On the domestic front there are also doubts about legitimate authority. Recently, Senator Robert C. Byrd (D., W. Va.) urged the Senate to play a central role in determining whether our nation should invade Iraq. According to the Constitution, he insisted, it is the role of the Congress to declare war. “I am determined to do everything in my power to prevent this country from becoming involved in another Vietnam nightmare,” he declared. “This determination begins with Congress being fully and sufficiently informed on the undertakings of our government, especially if it involves the commitment to military action.”

Proportionality and noncombatant immunity? The principles of proportionality and noncombatant immunity concern how much force is morally appropriate and who are legitimate targets of war. They distinguish the legitimate conduct of war from acts of murder. Too often our country fails to honor these principles.
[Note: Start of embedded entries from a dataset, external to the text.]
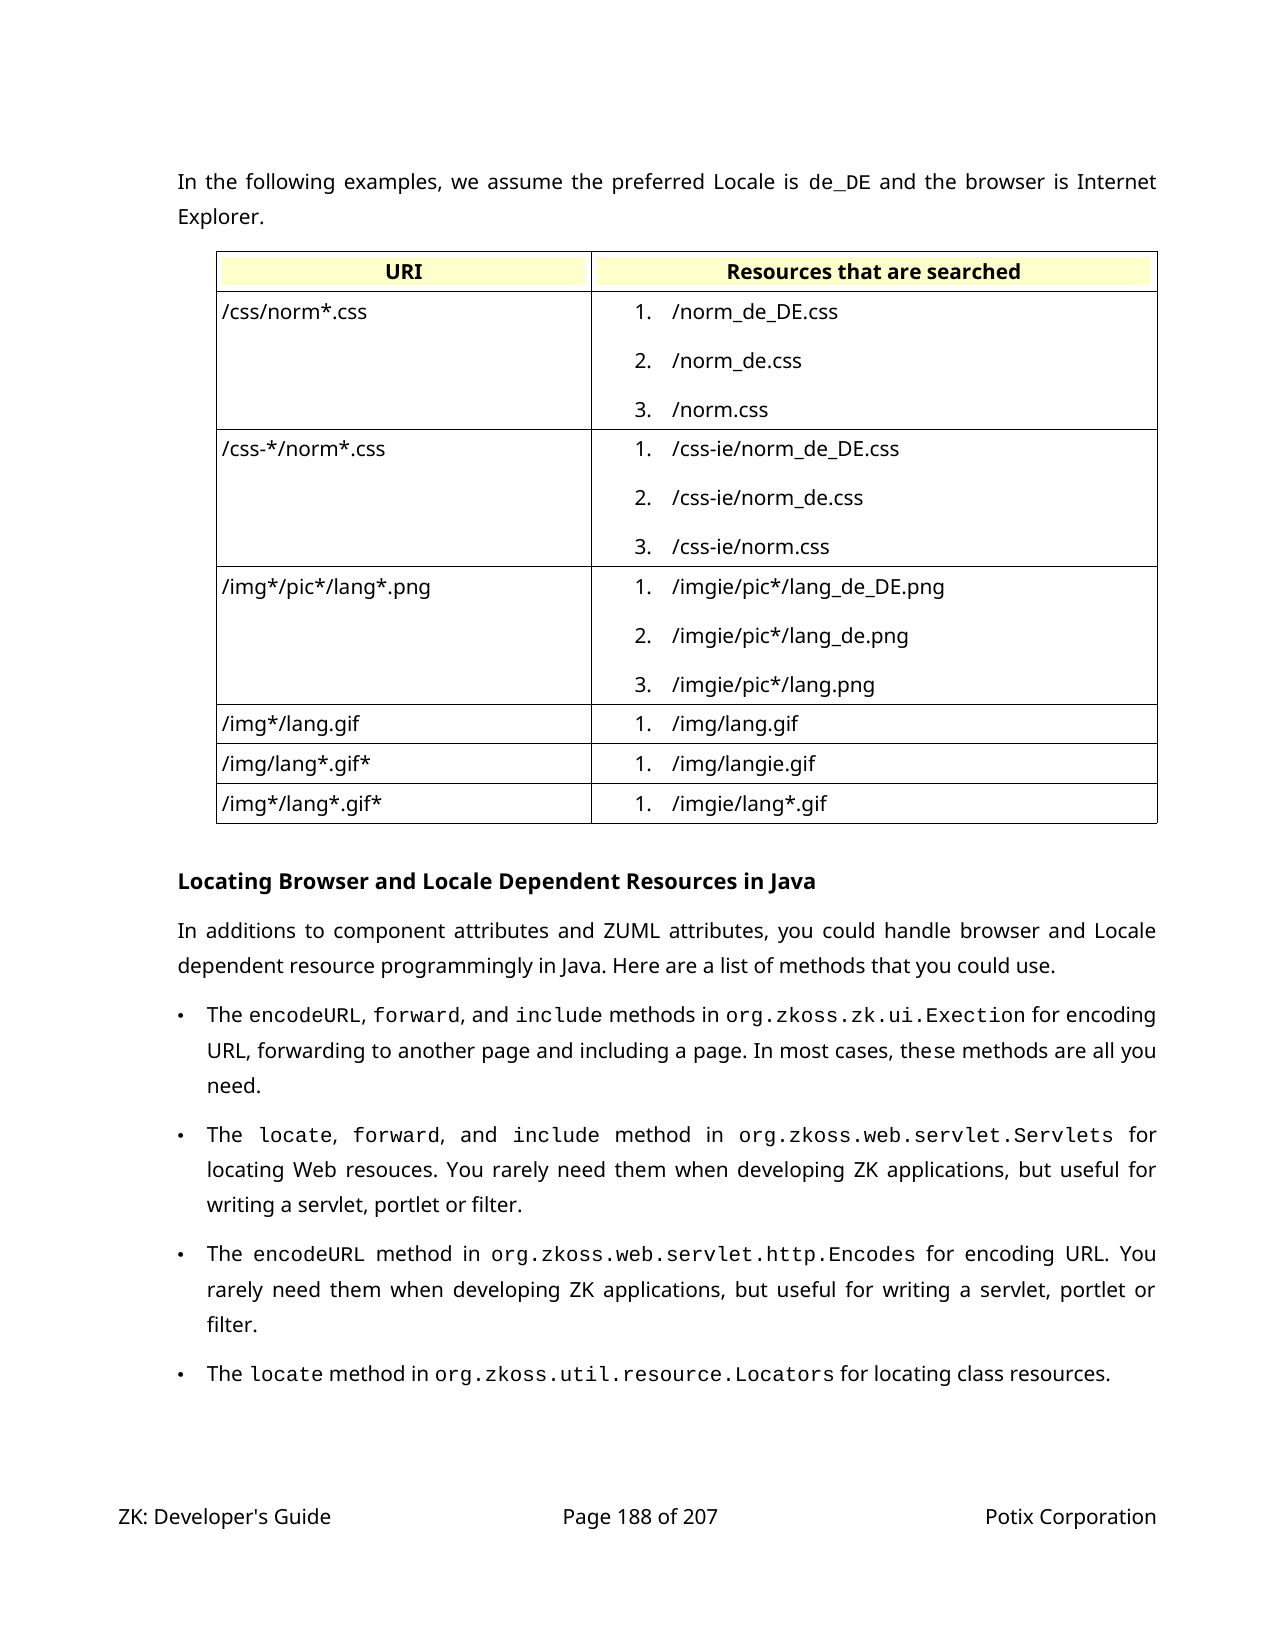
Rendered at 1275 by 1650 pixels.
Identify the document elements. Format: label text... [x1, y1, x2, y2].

subtitle Locating Browser and Locale Dependent Resources in Java [177, 866, 1157, 896]
table_cell /img/lang.gif [592, 705, 1157, 743]
table_cell /img/lang*.gif* [217, 744, 591, 783]
table_cell /css-ie/norm_de_DE.css /css-ie/norm_de.css /css-ie/norm.css [592, 430, 1157, 566]
table_header URI [217, 252, 591, 291]
table_cell /imgie/pic*/lang_de_DE.png /imgie/pic*/lang_de.png /imgie/pic*/lang.png [592, 567, 1157, 704]
text In additions to component attributes and ZUML attributes, you could handle browser and Locale dependent resource programmingly in Java. Here are a list of methods that you could use. [177, 916, 1157, 980]
list The encodeURL, forward, and include methods in org.zkoss.zk.ui.Exection for encoding URL, forwarding to another page and including a page. In most cases, these methods are all you need. [177, 1000, 1157, 1099]
table_cell /img*/lang*.gif* [217, 784, 591, 823]
list The locate, forward, and include method in org.zkoss.web.servlet.Servlets for locating Web resouces. You rarely need them when developing ZK applications, but useful for writing a servlet, portlet or filter. [177, 1120, 1157, 1219]
table_cell /img*/lang.gif [217, 705, 591, 743]
table_header Resources that are searched [592, 252, 1157, 291]
text In the following examples, we assume the preferred Locale is de_DE and the browser is Internet Explorer. [177, 167, 1157, 231]
table_cell /img*/pic*/lang*.png [217, 567, 591, 704]
table_cell /css-*/norm*.css [217, 430, 591, 566]
table_cell /img/langie.gif [592, 744, 1157, 783]
table_cell /norm_de_DE.css /norm_de.css /norm.css [592, 292, 1157, 429]
list The encodeURL method in org.zkoss.web.servlet.http.Encodes for encoding URL. You rarely need them when developing ZK applications, but useful for writing a servlet, portlet or filter. [177, 1239, 1157, 1338]
table_cell /css/norm*.css [217, 292, 591, 429]
table_cell /imgie/lang*.gif [592, 784, 1157, 823]
list The locate method in org.zkoss.util.resource.Locators for locating class resources. [177, 1359, 1157, 1388]
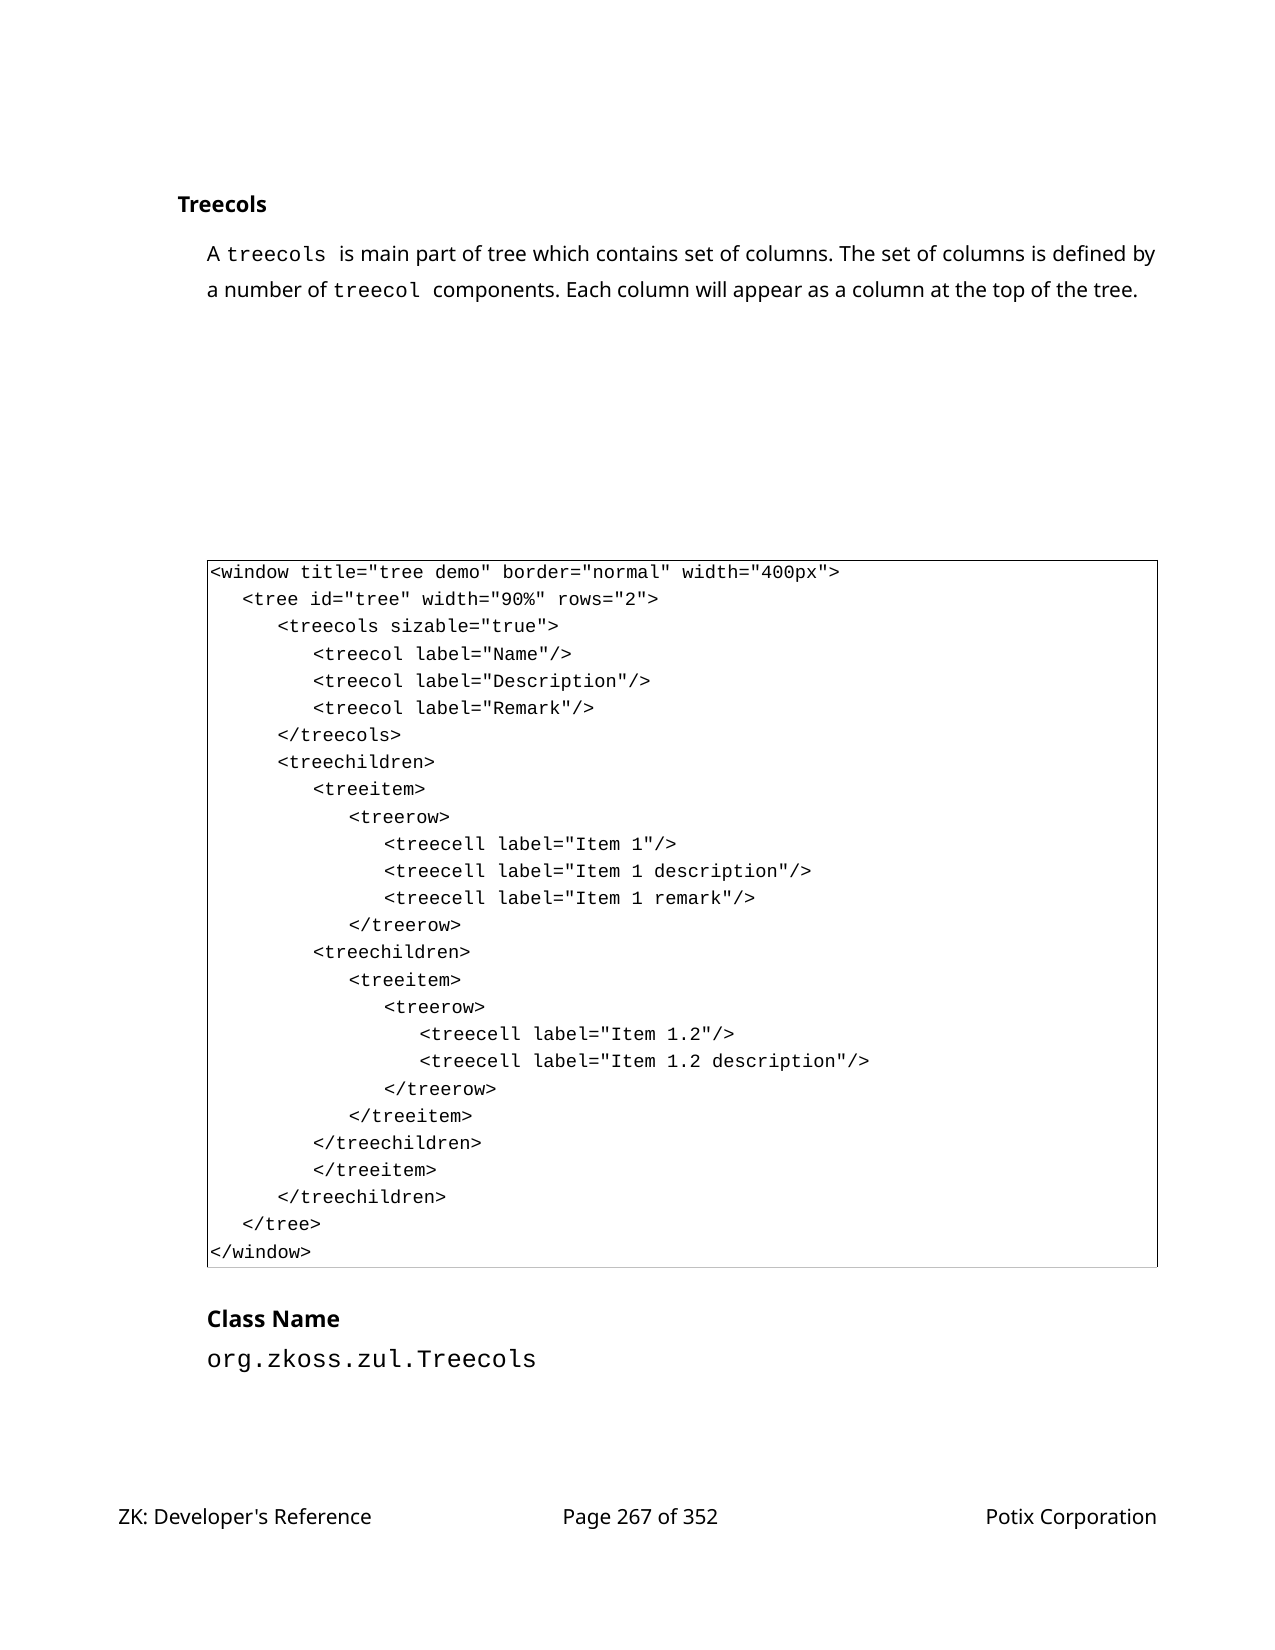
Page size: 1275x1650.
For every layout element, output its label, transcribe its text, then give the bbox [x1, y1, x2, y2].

text <treecols sizable="true"> [208, 614, 1157, 638]
text <treecell label="Item 1"/> [208, 832, 1157, 856]
text </tree> [208, 1212, 1157, 1237]
text A treecols is main part of tree which contains set of columns. The set of columns is defined by a number of treecol components. Each column will appear as a column at the top of the tree. [207, 239, 1157, 303]
text <treecell label="Item 1 description"/> [208, 859, 1157, 883]
text <treecell label="Item 1 remark"/> [208, 886, 1157, 910]
text </treechildren> [208, 1131, 1157, 1155]
text </treecols> [208, 723, 1157, 747]
text </treechildren> [208, 1185, 1157, 1209]
text </treeitem> [208, 1103, 1157, 1128]
subtitle Class Name [207, 1303, 1157, 1335]
text <tree id="tree" width="90%" rows="2"> [208, 587, 1157, 611]
text <treecol label="Name"/> [208, 641, 1157, 666]
subtitle Treecols [177, 189, 1157, 219]
text <treecol label="Remark"/> [208, 696, 1157, 720]
text </treerow> [208, 1076, 1157, 1101]
text <treecell label="Item 1.2 description"/> [208, 1049, 1157, 1073]
text <treechildren> [208, 750, 1157, 774]
text org.zkoss.zul.Treecols [207, 1347, 1157, 1375]
text <treeitem> [208, 968, 1157, 992]
text <window title="tree demo" border="normal" width="400px"> [208, 561, 1157, 584]
text <treechildren> [208, 940, 1157, 965]
text </treerow> [208, 913, 1157, 937]
text <treecol label="Description"/> [208, 668, 1157, 693]
text </window> [208, 1239, 1157, 1267]
text </treeitem> [208, 1158, 1157, 1182]
text <treeitem> [208, 777, 1157, 802]
text <treecell label="Item 1.2"/> [208, 1022, 1157, 1046]
text <treerow> [208, 804, 1157, 829]
text <treerow> [208, 995, 1157, 1019]

According to military analyst William Arkin, the Pentagon fails to take civilian casualties with sufficient seriousness. Having surveyed recent U.S. military engagements in the gulf war, the Balkans and Afghanistan, Arkin concludes that though some progress has been made, U.S. efforts are just not good enough. “The U.S. military can assert all it wants that it takes ‘all’ measures to minimize civilian harm. But until it is willing to actually study why civilians die in conflict, it is an assertion that has little credibility.”

The planned U.S. preemptive strike will take place against the background of comprehensive UN sanctions that have already wreaked havoc on civilians. They have devastated the weakest and most vulnerable members of Iraqi society: the poor, the elderly, the sick, the newborn and the young. According to UN reports, over 1 million civilians, the vast majority of whom are children and the elderly, have died since 1990 because of this suffocating blockade. UNICEF officials estimate that in 2000 more than 5,000 children were dying each month primarily because of the sanctions.
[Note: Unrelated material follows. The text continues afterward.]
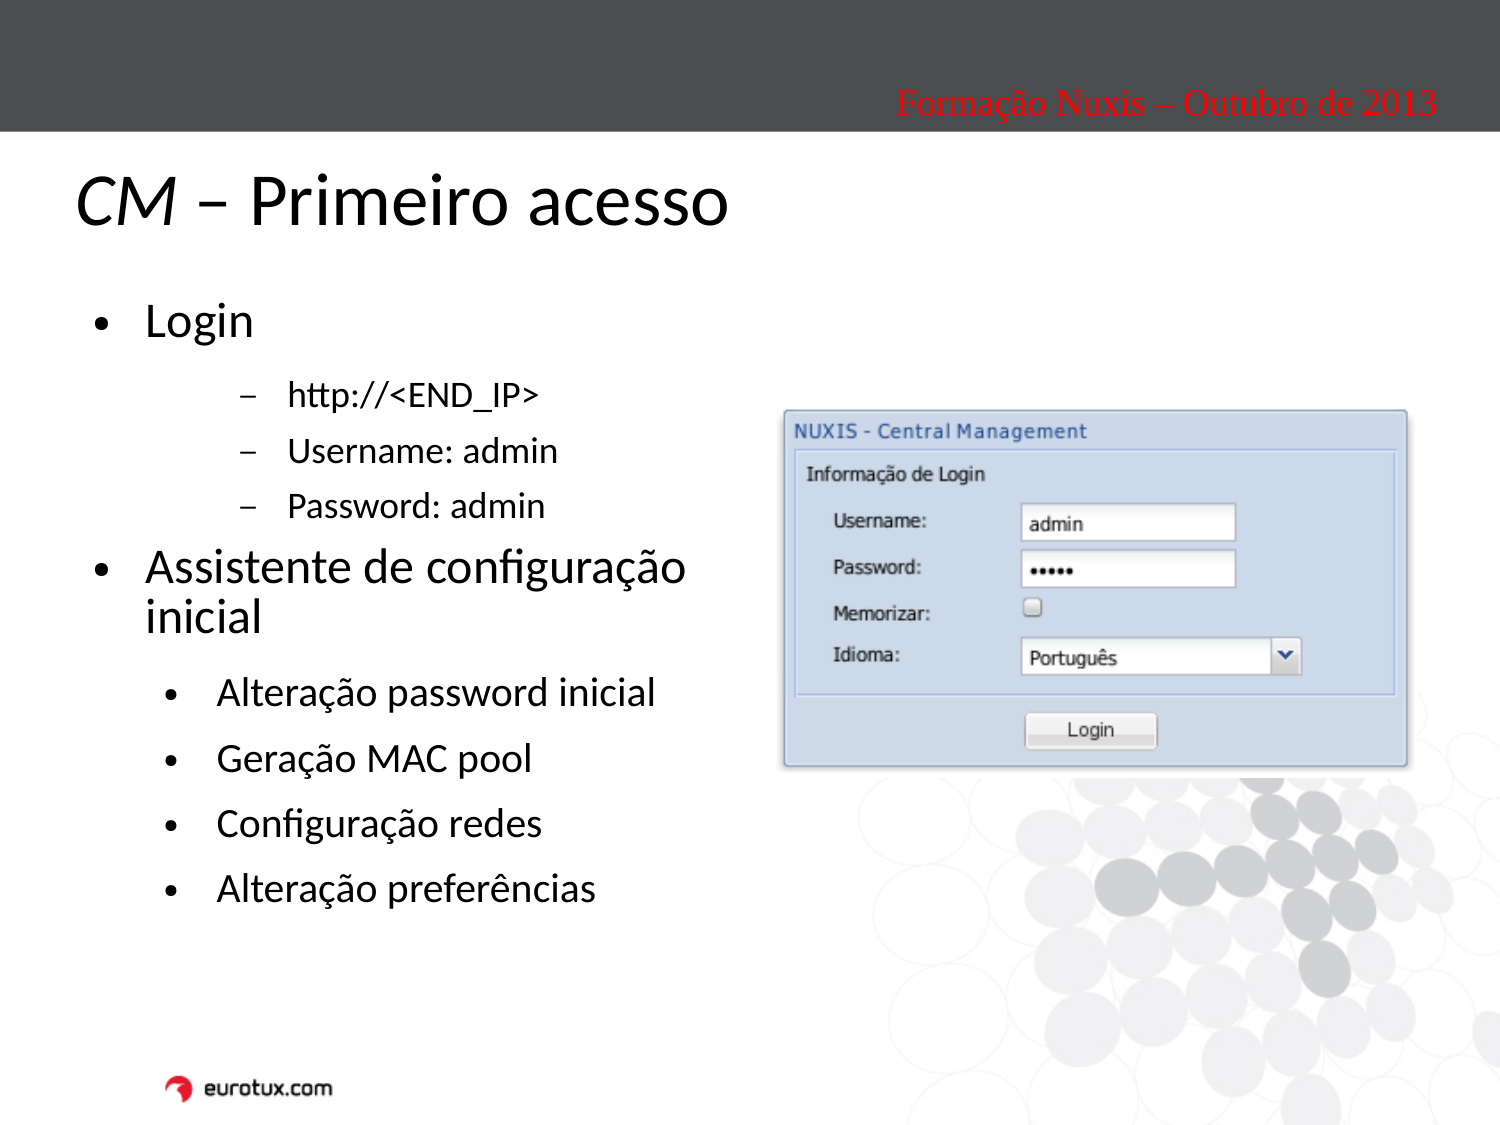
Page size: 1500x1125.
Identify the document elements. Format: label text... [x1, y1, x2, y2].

title CM – Primeiro acesso [75, 112, 1425, 301]
picture [0, 0, 1500, 1125]
list Login http://<END_IP> Username: admin Password: admin Assistente de configuração inicial Alteração password inicial Geração MAC pool Configuração redes Alteração preferências [75, 299, 734, 1043]

From this perspective, the planned invasion will be a continuation of outrages begun by other means. Cluster bombs, like those used in Afghanistan, and other ghastly weapons dropped from 15,000 feet are sure to produce massive civilian casualties. Earlier this year, in a change of official policy, our government even announced a possible “first-use” strategy of “low yield” nuclear weapons. Richard Perle, chairman of the Defense Policy Board that advises the defense secretary, has said: “No strategist would reject, in principle, using nuclear weapons against Iraq.”

George Kennan observed years ago that just war principles mean little without a commitment to keep civilian casualties to the absolute minimum, “even at the cost of military victory.” The just war tradition requires that “victory” alone cannot be the overriding goal.